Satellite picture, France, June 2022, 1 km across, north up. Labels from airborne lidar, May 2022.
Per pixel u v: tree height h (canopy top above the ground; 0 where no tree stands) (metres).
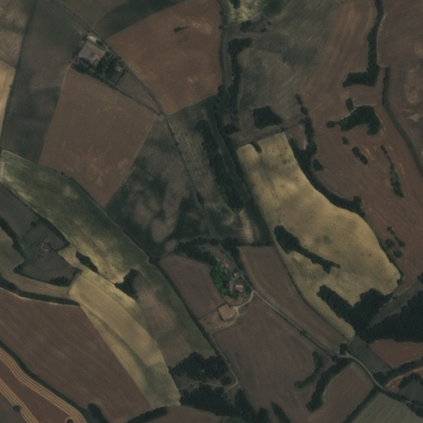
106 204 0
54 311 0
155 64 0
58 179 0
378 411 0
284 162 0
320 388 15
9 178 0
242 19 0
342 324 0
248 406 14
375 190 0
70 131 0
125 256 0
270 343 0
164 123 0
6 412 0
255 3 0
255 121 12
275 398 0
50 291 0
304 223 0
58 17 0
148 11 0
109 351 0
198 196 10
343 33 0
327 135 0
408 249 0
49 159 0
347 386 0
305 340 0
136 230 0
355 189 0
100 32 0
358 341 0
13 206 0
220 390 16
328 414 0
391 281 0
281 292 0
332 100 0
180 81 0
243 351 0
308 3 0
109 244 0
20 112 0
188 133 0
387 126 0
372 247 0
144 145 0
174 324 0
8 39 0
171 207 0
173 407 0
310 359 0
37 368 0
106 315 0
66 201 0
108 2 0
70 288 0
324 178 0
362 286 0
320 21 0
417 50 0
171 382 0
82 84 0
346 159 0
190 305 0
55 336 0
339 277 0
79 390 0
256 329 0
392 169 8
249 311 0
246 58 0
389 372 8
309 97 0
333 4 0
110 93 0
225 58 0
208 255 9
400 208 0
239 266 9
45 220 9
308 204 0
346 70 0
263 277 0
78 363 0
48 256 0
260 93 0
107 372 0
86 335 0
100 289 0
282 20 0
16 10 0
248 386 0
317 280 0
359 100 0
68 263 0
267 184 0
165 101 0
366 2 0
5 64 0
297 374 0
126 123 0
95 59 0
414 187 0
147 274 0
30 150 0
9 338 0
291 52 0
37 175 0
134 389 0
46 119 0
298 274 0
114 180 0
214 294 0
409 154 0
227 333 0
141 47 0
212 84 0
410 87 0
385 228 0
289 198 0
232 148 15
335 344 0
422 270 0
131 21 0
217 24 0
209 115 0
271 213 0
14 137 0
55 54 0
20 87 0
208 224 0
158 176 0
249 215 0
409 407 9
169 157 0
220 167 15
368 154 0
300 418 0
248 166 0
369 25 0
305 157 9
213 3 0
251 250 0
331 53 0
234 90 16
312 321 0
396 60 0
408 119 0
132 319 0
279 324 0
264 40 0
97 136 0
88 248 0
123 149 0
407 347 0
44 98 0
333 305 11
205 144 9
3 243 0
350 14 0
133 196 0
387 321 15
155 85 0
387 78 9
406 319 19
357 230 0
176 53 0
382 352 0
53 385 0
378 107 0
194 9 0
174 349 0
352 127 11
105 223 0
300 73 0
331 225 0
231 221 0
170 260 0
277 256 0
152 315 0
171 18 0
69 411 0
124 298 0
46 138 0
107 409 0
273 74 0
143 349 0
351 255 0
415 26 0
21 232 0
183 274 0
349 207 11
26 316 0
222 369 16
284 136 0
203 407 13
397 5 0
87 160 0
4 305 0
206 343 0
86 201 0
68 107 0
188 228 0
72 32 0
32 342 0
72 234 0
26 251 0
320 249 0
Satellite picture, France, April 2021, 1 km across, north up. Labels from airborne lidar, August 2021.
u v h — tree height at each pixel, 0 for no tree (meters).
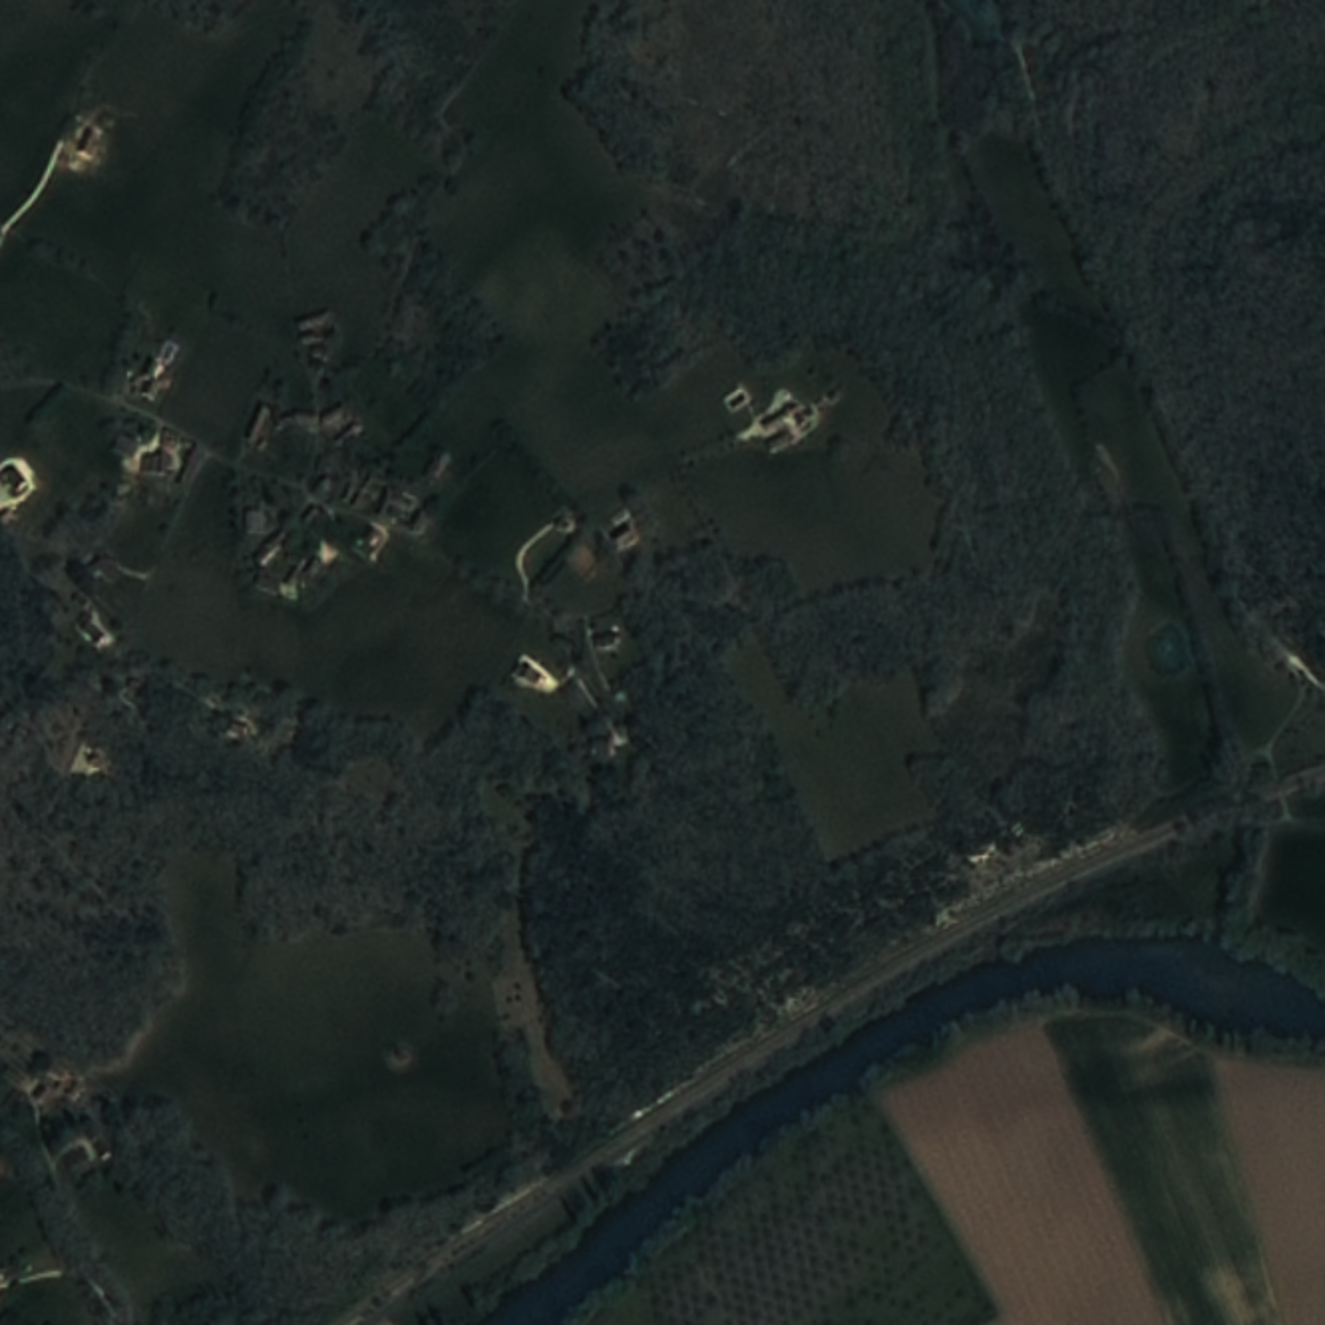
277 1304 18
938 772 11
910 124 15
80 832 11
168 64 0
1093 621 14
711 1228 13
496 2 0
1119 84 18
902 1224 12
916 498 0
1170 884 0
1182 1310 0
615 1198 34
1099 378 8
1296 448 11
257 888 16
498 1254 0
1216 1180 0
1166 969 0
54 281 0
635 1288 13
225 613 0
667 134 10
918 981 14
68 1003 17
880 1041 0
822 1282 12
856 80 12
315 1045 0
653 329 10
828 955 11
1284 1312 0
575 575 0
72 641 6
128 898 9
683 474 6
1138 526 15
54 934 14
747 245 19
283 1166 0
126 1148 17
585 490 0
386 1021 0
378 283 0
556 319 0
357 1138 0
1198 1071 0
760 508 0
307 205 0
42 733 11
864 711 0
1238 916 20
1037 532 21
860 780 0
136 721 11
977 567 12
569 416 0
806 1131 12
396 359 7
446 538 0
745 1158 15
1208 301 11
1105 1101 0
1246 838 18
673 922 13
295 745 8
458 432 0
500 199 0
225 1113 0
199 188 0
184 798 16
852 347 10
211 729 14
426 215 9
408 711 0
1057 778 13
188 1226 22
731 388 0
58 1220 15
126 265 0
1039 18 14
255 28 0
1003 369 25
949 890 7
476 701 15
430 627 0
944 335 17
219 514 0
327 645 0
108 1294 18
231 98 0
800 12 13
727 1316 11
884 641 0
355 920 14
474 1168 7
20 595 15
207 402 0
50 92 0
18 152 0
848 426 0
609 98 14
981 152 0
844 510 0
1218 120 13
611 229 0
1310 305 14
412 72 11
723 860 13
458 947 11
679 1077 8
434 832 15
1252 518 11
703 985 5
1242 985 0
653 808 15
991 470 18
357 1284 18
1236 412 11
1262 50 14
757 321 14
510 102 0
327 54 0
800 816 15
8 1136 20
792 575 12
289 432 13
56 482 0
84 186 0
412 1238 21
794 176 0
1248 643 18
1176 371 13
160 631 0
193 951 0
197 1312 20
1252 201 10
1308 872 0
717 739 15
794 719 0
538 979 7
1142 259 16
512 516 0
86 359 0
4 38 0
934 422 15
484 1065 0
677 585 17
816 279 20
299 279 0
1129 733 23
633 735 14
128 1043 23
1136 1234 0
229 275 0
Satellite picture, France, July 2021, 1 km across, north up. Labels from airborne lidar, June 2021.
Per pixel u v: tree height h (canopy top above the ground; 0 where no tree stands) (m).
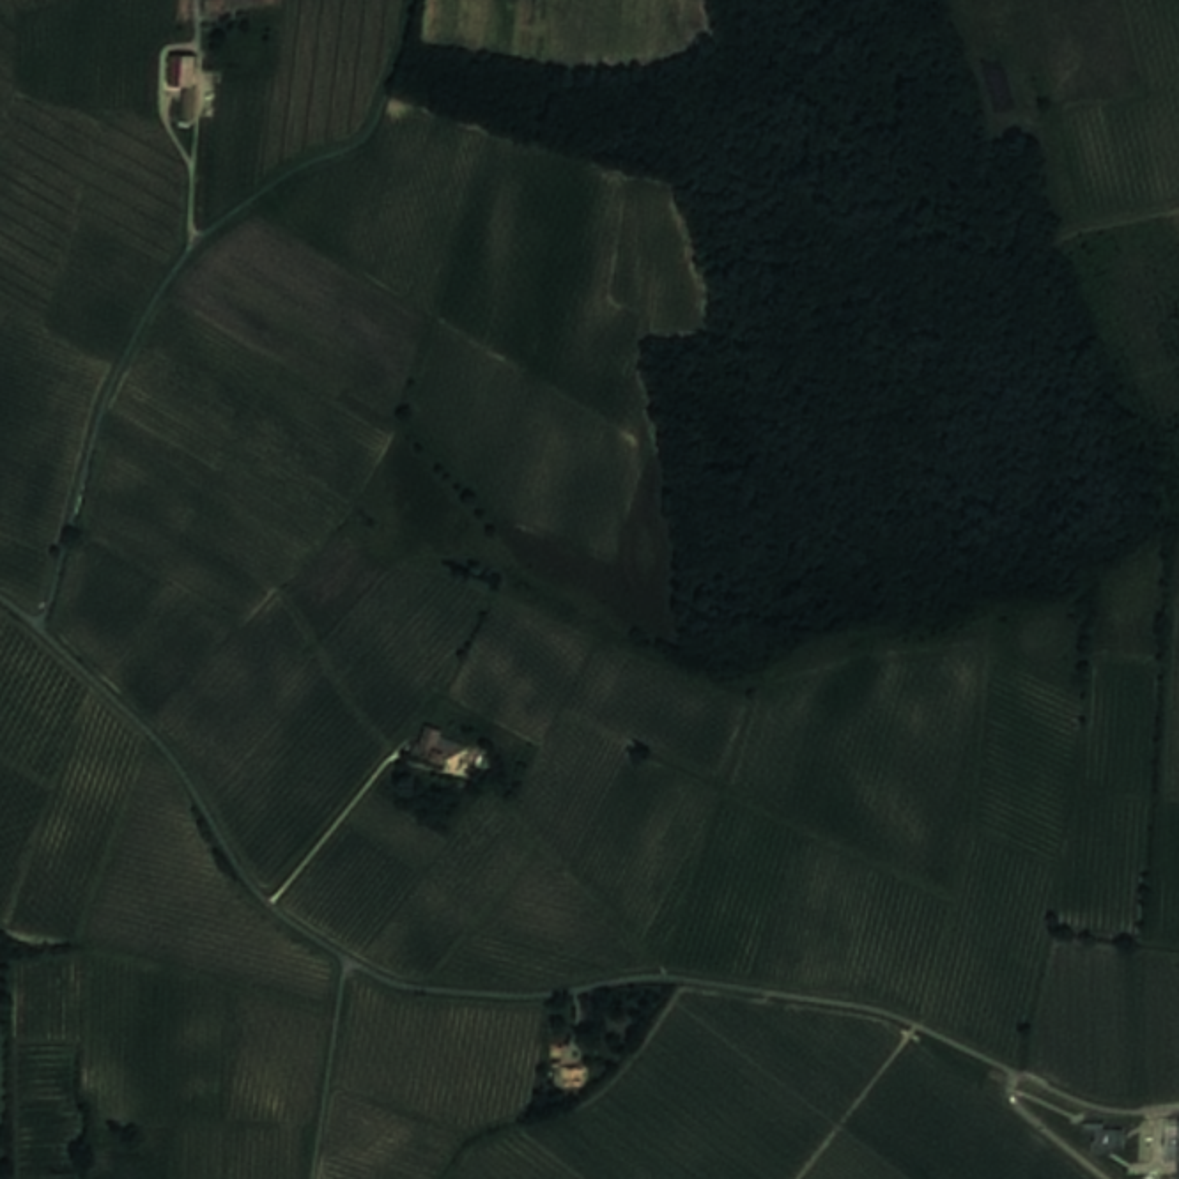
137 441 0
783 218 19
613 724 0
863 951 0
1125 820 0
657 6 0
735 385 12
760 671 7
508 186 0
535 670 0
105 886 0
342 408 0
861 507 23
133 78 0
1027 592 18
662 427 15
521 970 0
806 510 25
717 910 0
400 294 0
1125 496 23
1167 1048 0
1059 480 20
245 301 0
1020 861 0
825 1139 0
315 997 0
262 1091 0
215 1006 0
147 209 0
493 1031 0
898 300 16
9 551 0
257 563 0
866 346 21
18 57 0
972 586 26
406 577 0
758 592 22
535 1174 0
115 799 0
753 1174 0
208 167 0
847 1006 0
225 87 0
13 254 0
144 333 0
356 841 0
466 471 0
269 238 0
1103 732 0
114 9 0
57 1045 0
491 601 0
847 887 0
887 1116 0
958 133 20
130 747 0
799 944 0
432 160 0
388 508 0
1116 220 0
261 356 0
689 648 18
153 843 0
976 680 0
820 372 23
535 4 0
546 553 0
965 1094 0
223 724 0
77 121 0
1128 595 0
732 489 23
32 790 0
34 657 0
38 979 0
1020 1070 0
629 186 0
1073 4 0
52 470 0
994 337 24
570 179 0
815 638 9
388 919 0
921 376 15
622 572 0
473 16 0
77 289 0
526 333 0
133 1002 0
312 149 0
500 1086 0
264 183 0
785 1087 0
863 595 13
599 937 0
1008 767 0
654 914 0
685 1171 0
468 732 8
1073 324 21
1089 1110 0
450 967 0
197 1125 0
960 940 0
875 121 12
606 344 0
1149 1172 0
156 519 0
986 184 23
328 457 0
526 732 0
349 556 0
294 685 0
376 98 0
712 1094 0
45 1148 0
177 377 0
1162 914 0
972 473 23
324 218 0
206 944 0
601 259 0
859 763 0
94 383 0
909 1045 0
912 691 0
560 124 16
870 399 17
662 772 0
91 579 0
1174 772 0
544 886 0
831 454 22
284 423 0
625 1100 0
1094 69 0
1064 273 8
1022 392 22
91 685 0
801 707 0
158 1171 0
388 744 0
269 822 0
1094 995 0
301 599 0
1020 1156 0
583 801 0
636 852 0
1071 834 0
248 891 0
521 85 17
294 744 0
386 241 0
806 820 0
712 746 0
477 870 0
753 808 0
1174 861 0
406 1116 0
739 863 0
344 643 0

- _EXERCISE INSTRUCTIONS_: Nothing except the lines from the one containing "1236 412 11" through the one containing "1059 480 20" should appear in the answer, exactly as above and without pictures.

- _RESULT OF THIS TASK_:
1236 412 11
1262 50 14
757 321 14
510 102 0
327 54 0
800 816 15
8 1136 20
792 575 12
289 432 13
56 482 0
84 186 0
412 1238 21
794 176 0
1248 643 18
1176 371 13
160 631 0
193 951 0
197 1312 20
1252 201 10
1308 872 0
717 739 15
794 719 0
538 979 7
1142 259 16
512 516 0
86 359 0
4 38 0
934 422 15
484 1065 0
677 585 17
816 279 20
299 279 0
1129 733 23
633 735 14
128 1043 23
1136 1234 0
229 275 0
Satellite picture, France, July 2021, 1 km across, north up. Labels from airborne lidar, June 2021.
Per pixel u v: tree height h (canopy top above the ground; 0 where no tree stands) (m).
137 441 0
783 218 19
613 724 0
863 951 0
1125 820 0
657 6 0
735 385 12
760 671 7
508 186 0
535 670 0
105 886 0
342 408 0
861 507 23
133 78 0
1027 592 18
662 427 15
521 970 0
806 510 25
717 910 0
400 294 0
1125 496 23
1167 1048 0
1059 480 20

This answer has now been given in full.